■ Your instructions
Restate all of the following data exactly, keeping any images out of the copy.

Given data START

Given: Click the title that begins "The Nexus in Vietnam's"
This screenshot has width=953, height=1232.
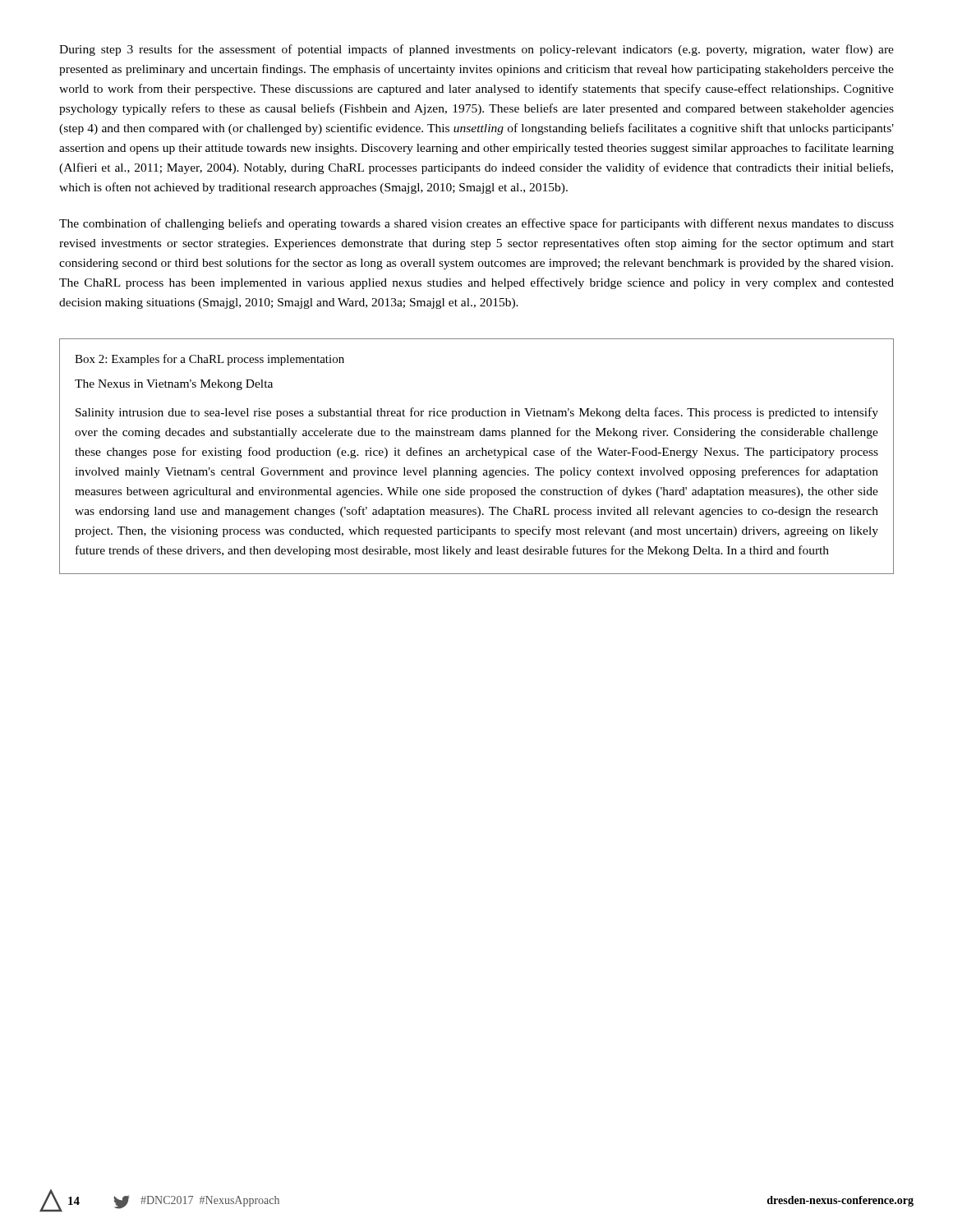Looking at the screenshot, I should (x=174, y=383).
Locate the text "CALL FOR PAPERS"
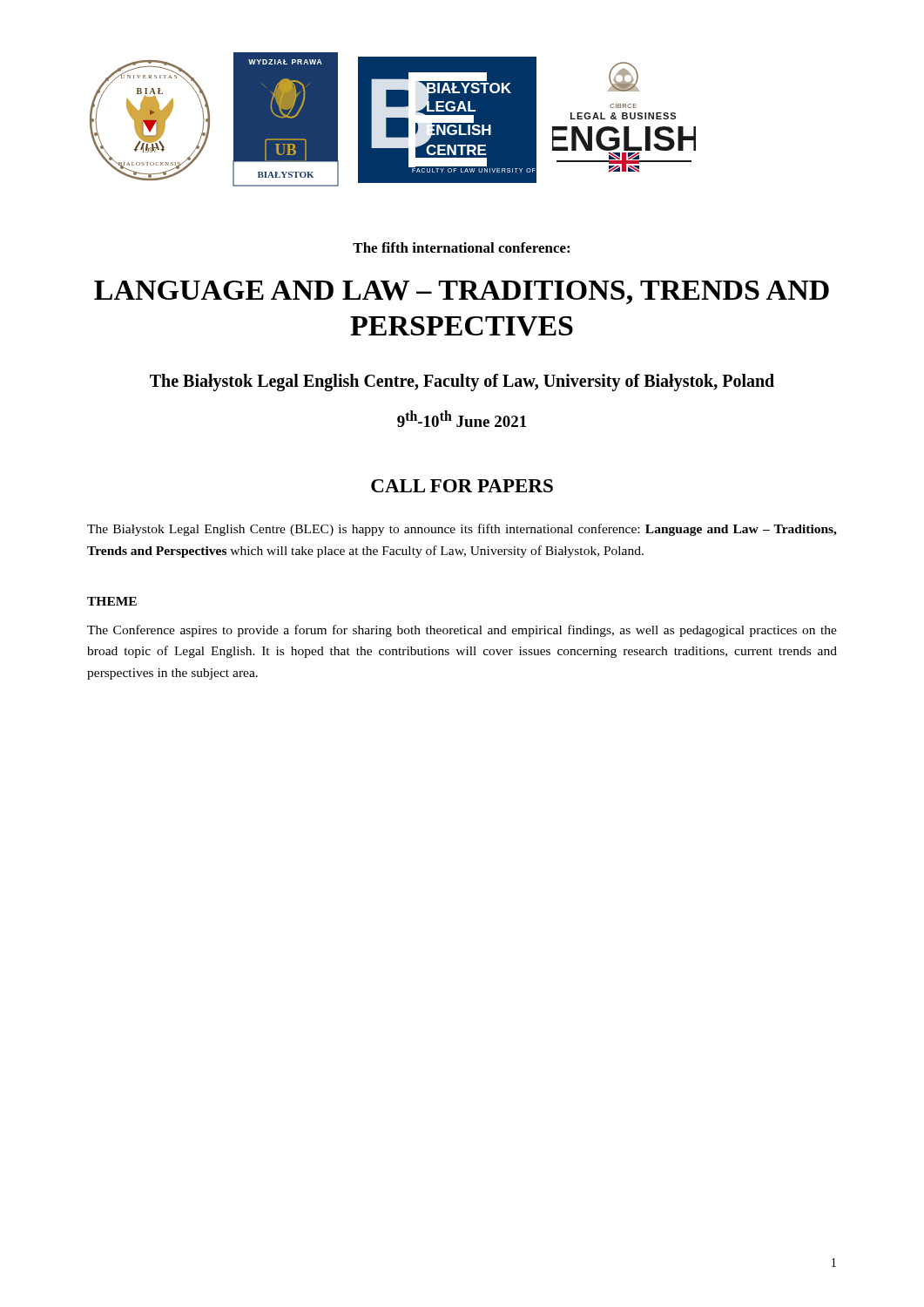 462,486

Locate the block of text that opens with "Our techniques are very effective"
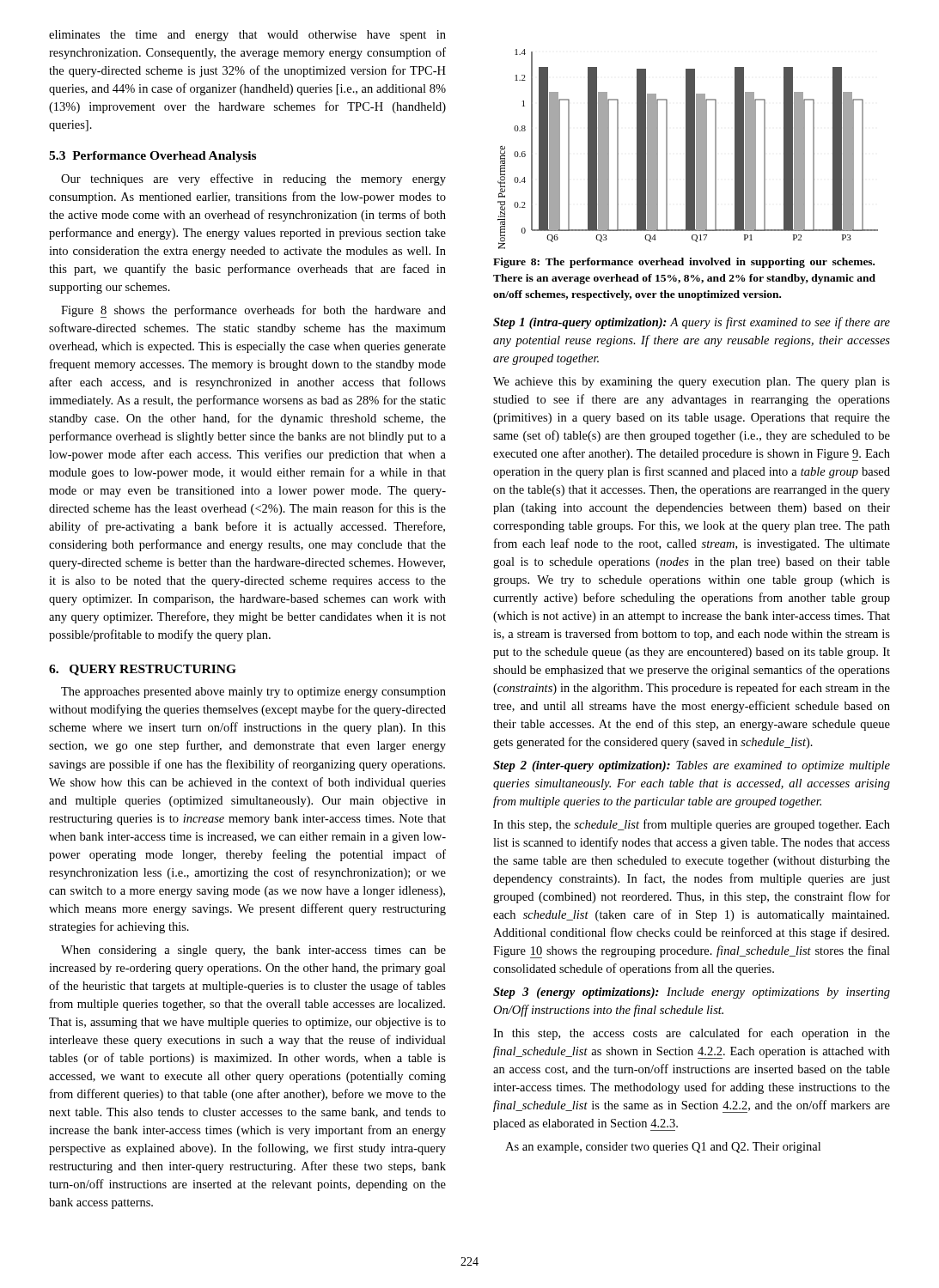(x=247, y=407)
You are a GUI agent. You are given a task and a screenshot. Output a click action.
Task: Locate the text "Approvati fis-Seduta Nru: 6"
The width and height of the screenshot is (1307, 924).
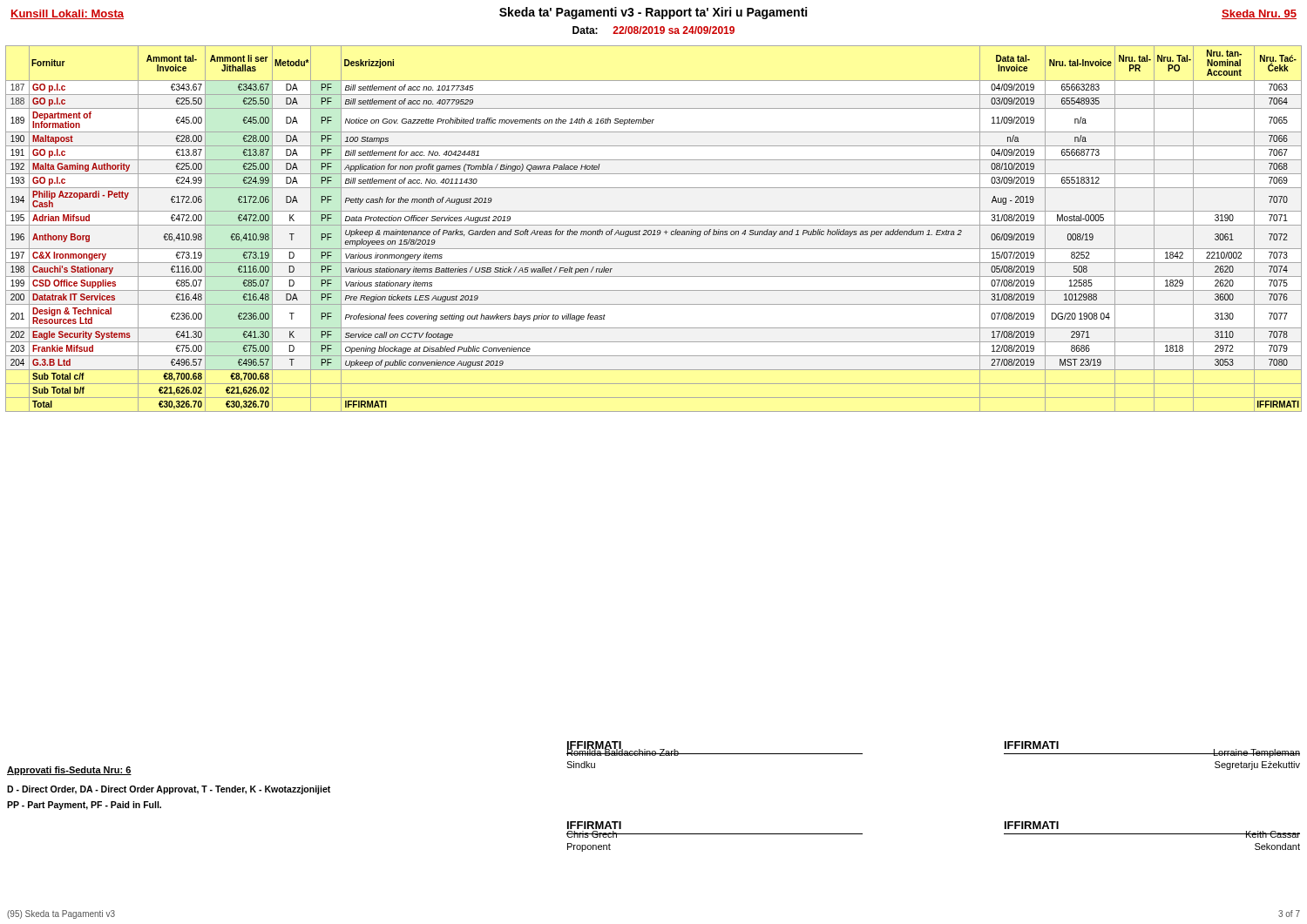pos(69,770)
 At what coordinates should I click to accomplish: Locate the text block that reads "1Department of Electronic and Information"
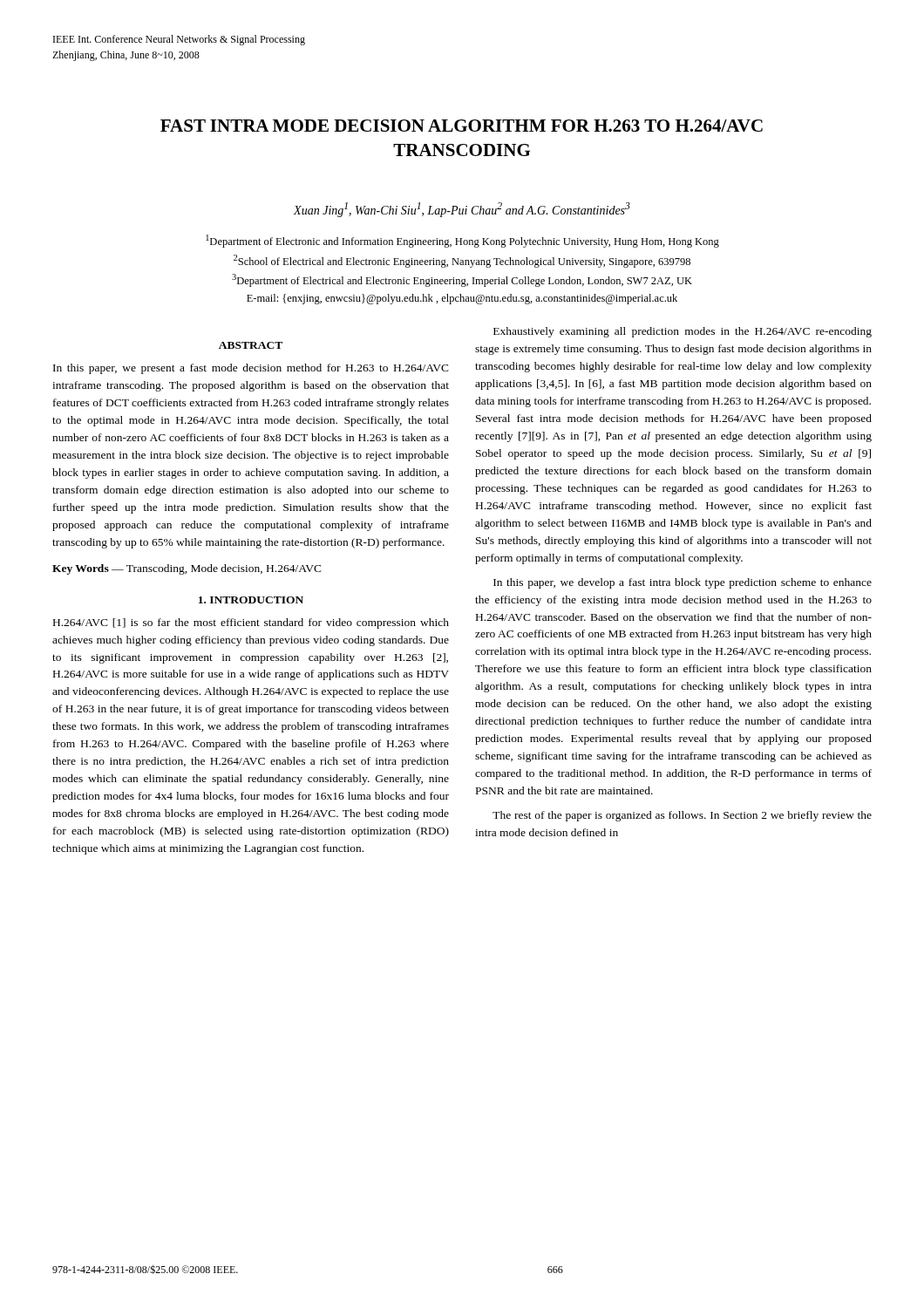click(462, 268)

Given data END

■ Response
Given: Click the title that begins "The Nexus in Vietnam's"
This screenshot has width=953, height=1232.
Looking at the screenshot, I should (x=174, y=383).
Locate the text "CALL FOR PAPERS"
 462,486

Locate the block of text that opens with "Our techniques are very effective"
(x=247, y=407)
You are a GUI agent. You are given a task and a screenshot. Output a click action.
Task: Locate the text "Approvati fis-Seduta Nru: 6"
The width and height of the screenshot is (1307, 924).
pos(69,770)
 At what coordinates should I click to accomplish: Locate the text block that reads "1Department of Electronic and Information"
click(462, 268)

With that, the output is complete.